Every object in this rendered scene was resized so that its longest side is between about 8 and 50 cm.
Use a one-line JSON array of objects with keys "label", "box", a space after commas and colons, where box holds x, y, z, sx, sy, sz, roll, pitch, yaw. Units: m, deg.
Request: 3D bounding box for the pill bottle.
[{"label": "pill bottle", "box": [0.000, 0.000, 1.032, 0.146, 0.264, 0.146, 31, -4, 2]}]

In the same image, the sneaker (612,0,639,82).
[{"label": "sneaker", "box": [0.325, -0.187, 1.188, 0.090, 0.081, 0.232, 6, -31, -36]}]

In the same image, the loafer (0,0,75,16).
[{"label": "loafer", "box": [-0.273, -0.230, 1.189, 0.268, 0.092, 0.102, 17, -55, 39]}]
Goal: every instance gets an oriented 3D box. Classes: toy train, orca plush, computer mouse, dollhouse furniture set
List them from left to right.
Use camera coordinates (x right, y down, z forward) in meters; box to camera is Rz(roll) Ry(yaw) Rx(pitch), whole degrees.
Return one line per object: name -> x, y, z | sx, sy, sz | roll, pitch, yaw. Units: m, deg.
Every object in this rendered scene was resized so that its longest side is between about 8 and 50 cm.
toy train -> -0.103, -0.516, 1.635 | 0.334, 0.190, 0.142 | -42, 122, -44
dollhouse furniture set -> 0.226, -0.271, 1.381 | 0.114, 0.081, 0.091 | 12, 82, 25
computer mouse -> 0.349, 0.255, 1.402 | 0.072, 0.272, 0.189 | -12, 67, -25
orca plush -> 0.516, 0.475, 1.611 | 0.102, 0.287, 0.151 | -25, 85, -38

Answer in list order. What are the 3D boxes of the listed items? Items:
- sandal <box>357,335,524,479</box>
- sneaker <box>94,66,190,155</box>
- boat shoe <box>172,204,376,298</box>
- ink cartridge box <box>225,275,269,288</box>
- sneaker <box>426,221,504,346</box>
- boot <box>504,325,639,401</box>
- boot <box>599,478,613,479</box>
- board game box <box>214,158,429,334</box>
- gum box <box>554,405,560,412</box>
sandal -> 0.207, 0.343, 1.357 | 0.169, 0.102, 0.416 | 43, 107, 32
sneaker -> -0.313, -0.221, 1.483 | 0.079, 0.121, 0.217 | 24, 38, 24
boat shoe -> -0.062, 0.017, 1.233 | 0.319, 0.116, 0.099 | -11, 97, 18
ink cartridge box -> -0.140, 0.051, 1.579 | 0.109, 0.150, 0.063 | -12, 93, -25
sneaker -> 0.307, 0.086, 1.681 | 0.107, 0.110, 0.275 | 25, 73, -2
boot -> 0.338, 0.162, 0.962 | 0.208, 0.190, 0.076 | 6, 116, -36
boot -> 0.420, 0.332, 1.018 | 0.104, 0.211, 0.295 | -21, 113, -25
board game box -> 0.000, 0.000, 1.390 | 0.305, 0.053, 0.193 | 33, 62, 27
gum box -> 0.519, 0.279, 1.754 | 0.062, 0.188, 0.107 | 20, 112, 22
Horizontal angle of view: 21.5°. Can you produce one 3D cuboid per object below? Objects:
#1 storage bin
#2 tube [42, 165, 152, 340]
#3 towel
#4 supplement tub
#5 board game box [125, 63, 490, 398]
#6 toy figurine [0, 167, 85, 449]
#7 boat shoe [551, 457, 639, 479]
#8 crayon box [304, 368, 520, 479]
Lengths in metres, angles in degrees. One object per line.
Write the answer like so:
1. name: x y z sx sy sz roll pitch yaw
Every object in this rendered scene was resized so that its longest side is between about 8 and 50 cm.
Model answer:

PROBLEM: In the reply, include exactly the lines from the beginning of the entries above through the line holding "List them from left to right.", and nothing besides.

EXERCISE RESULT:
Every object in this rendered scene was resized so that its longest side is between about 8 and 50 cm.
Use a one-line JSON array of objects with keys "label", "box", a space after commas and colons, where box holds x, y, z, sx, sy, sz, roll, pitch, yaw. Units: m, deg.
Request: 3D bounding box for the pill bottle.
[{"label": "pill bottle", "box": [0.000, 0.000, 1.032, 0.146, 0.264, 0.146, 31, -4, 2]}]

In the same image, the sneaker (612,0,639,82).
[{"label": "sneaker", "box": [0.325, -0.187, 1.188, 0.090, 0.081, 0.232, 6, -31, -36]}]

In the same image, the loafer (0,0,75,16).
[{"label": "loafer", "box": [-0.273, -0.230, 1.189, 0.268, 0.092, 0.102, 17, -55, 39]}]
Goal: every instance gets an oriented 3D box. Classes: toy train, orca plush, computer mouse, dollhouse furniture set
List them from left to right.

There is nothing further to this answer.